On January 11, 2019 the Government released a consultation paper entitled "A Review into the Merits of Open Banking" (PDF) (Consultation Paper).

The Consultation Paper seeks stakeholder views on the following questions:

Would open banking provide meaningful benefits to and improve outcomes for Canadians? In what ways?    

In order for Canadians to feel confident in an open banking system, how should risks related to consumer protection, privacy, cyber security and financial stability be managed?

If you are of the view that Canada should move forward with implementing an open banking system, what role and steps are appropriate for the federal government to take in the implementation of open banking?

This consultation follows the announcement in Budget 2018 of the Government's intent to undertake a review into the merits of open banking and the appointment of an Advisory Committee on Open Banking. The consultation is part of the first phase of the Advisory Committee's work, which involves an assessment of the merits of open banking. The second phase will involve an assessment of implementation considerations. Following the completion of the Advisory Committee's work, the Committee will deliver a report to the Minister of Finance.

Comments may be submitted until February 11, 2019.

Background

The Consultation Paper defines open banking as a system that allows consumers and businesses to authorize third party financial service providers to access their financial transaction data, using secure online channels.

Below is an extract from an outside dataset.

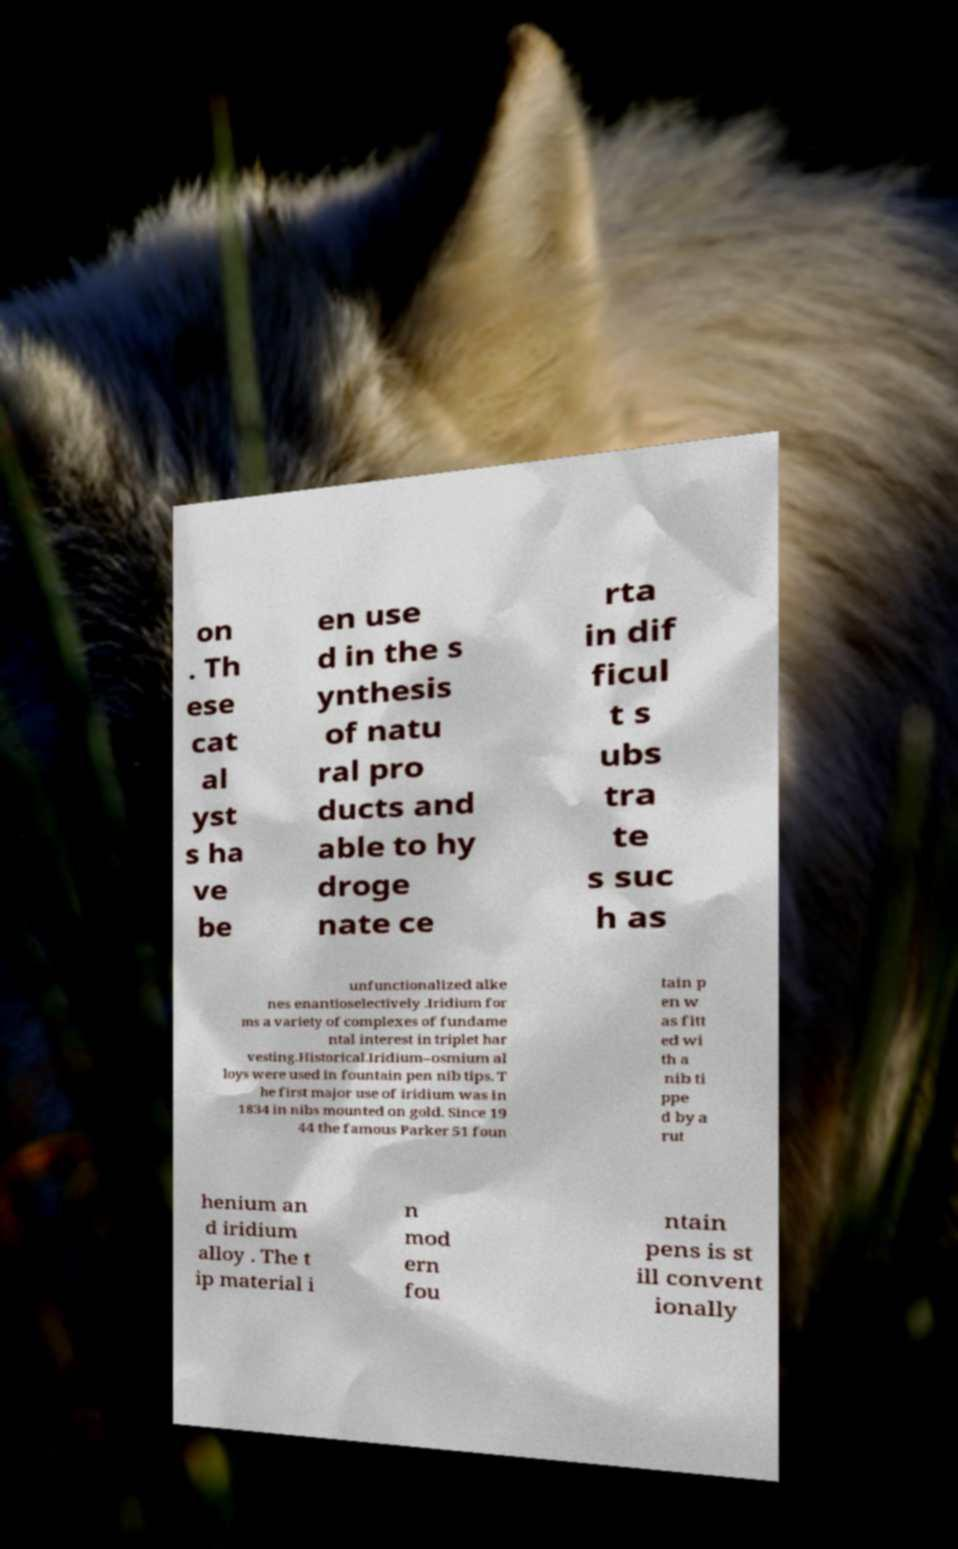Could you extract and type out the text from this image? on . Th ese cat al yst s ha ve be en use d in the s ynthesis of natu ral pro ducts and able to hy droge nate ce rta in dif ficul t s ubs tra te s suc h as unfunctionalized alke nes enantioselectively .Iridium for ms a variety of complexes of fundame ntal interest in triplet har vesting.Historical.Iridium–osmium al loys were used in fountain pen nib tips. T he first major use of iridium was in 1834 in nibs mounted on gold. Since 19 44 the famous Parker 51 foun tain p en w as fitt ed wi th a nib ti ppe d by a rut henium an d iridium alloy . The t ip material i n mod ern fou ntain pens is st ill convent ionally

This is in contrast to the current system in which such data is held and controlled by financial institutions. Open banking offers the possibility of allowing consumers and businesses to better access financial products and services and control their financial information.

The Consultation Paper states that the focus of the open banking review will be in respect of financial transaction data from banks. It also notes that open banking can involve payments, and invites input on whether payments initiation should ultimately form part of an open banking framework.

Benefits

The potential benefits of open banking highlighted in the Consultation Paper include:

improve consumers' control over personal financial information and allow them to leverage their own information for their benefit;

a vibrant and more diverse ecosystem of financial services providers, including enhanced roles for FinTechs and small and mid-sized financial service providers;

innovative and useful offerings for consumers and small business at low cost;

improved access to financial services for Canadians who do not have standard financial needs;

providing FinTechs and other new financial services providers with access to consumer financial transaction data that can be leveraged to develop tailored products and services; and

improve innovation with a framework that is adapted to the digital and data-driven economy.

Risks

The Consultation Paper also addresses key risks relating to open banking.

Financial consumer protection - this topic has received significant attention recently, and the Consultation Paper emphasizes that any potential open banking framework needs to be accessible to all and treat Canadians fairly, including by assuring that consumers have mechanisms for recourse and redress if something goes wrong.

Privacy - open banking involves consumer control over their own information. Accordingly, it is critical that consumers are well informed and, that their consent is meaningfully and properly obtained.

Cybersecurity - this is important given that open banking increases data sharing and contact points.

Financial stability - the Consultation Paper notes that open banking may result in new patterns of financial flows, and seeks input on whether this presents new prudential risks to financial institutions, and related mitigants to those risks.